Rejecting those calling for Indonesia to enact sharia law, Moeldoko says: ‘Our country is not an Islamic state’ 

Presidential Chief of Staff Moeldoko. Photo: 
@dr_moeldoko / Instagram
Presidential Chief of Staff Moeldoko. Photo: @dr_moeldoko / Instagram

Some people have the misconception that, because the vast majority of Indonesians are Muslim, that Islam is the state religion of Indonesia or that the Indonesian government prioritizes Islam over other religions. And while some would argue that the growth of political Islam is pushing the country in those directions, the idea of Indonesia prioritizing Islam is actually antithetical to the country’s founding ideology of Pancasila, which defines Indonesia as a democratic republic that prioritizes pluralism and respects the religious principles of all its recognized faiths equally.

That stance was reiterated forcefully yesterday by President Joko Widodo’s chief of staff, Moeldoko, in response to a highly-publicized meeting of Islamic scholars associated with the infamous Islamic Defenders Front (FPI) and other hardliner groups that recommended that Indonesia implement a form of Islamic sharia law that they claim would somehow still be in accordance with Pancasila.  

“Look, our country is not an Islamic state.
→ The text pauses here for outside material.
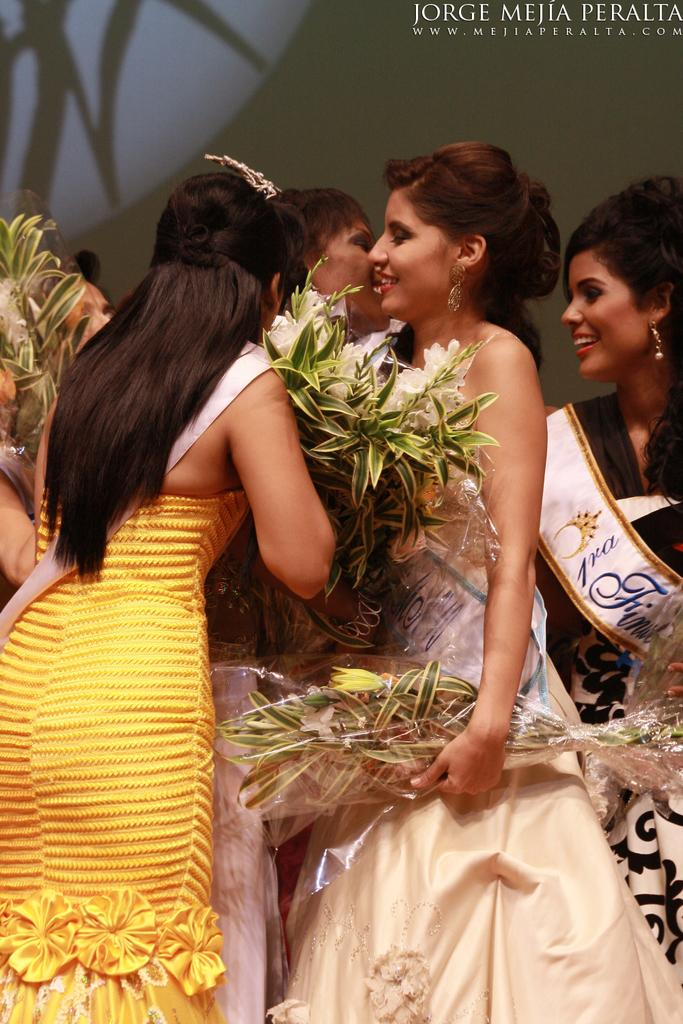What is the main subject of the image? The main subject of the image is the girls in the center of the image. What are the girls holding in their hands? The girls are holding flowers in their hands. What can be seen in the background of the image? There is a poster in the background of the image. What type of thing is the girls' sister doing in the image? There is no mention of a sister in the image, so it cannot be determined what a sister might be doing.

Our country’s ideology is clear, other ideologies cannot be developed here. As long as it is in opposition to the ideology of Pancasila, it must be resisted,” Moeldoko told reporters at the State Palace yesterday as quoted by Detik.

Moeldoko was speaking in response to the recommendations delivered at the end of the fourth “Ijtimak Ulama” conference, a meeting of Islamic scholars organized by the National Movement to Guard the Ulama Fatwa (GNPF) — a hardliner-affiliated political group originally started to organize the massive protests against former Jakarta Governor Basuki “Ahok” Tjahaja Purnama after the Indonesian Ulema Council passed a fatwa declaring that he had committed blasphemy against Islam.

Among the recommendations made by the conference’s participants was one urging all Muslim to work together to establish what they called NKRI Bersyariah, which could be translated as the Unitary Islamic State of the Republic of Indonesia. The group asserted that all Muslims were obligated to strive for the creation of an Islamic caliphate government.

That assertion is shared by FPI, which has also stated that the realization of NKRI Bersyariah is one of their organization’s objectives

That goal is the main reason that the infamous hardliner group’s future is in question. FPI is currently in legal limbo as the government has yet to decide whether it will extend the organization’s official permit (which is currently expired) and President Joko Widodo himself recently said in an interview with the Associated Press that he would consider banning the group, explaining, “If an organization endangers the nation in its ideology I won’t compromise.” 

There is a strong precedent for Jokowi banning FPI on the grounds that they oppose Pancasila by advocating for the creation of an Islamic caliphate government. That is exactly the same reason why the president’s administration outlawed hardline Islamist organization Hizbut Tahrir Indonesia (HTI) back in 2017.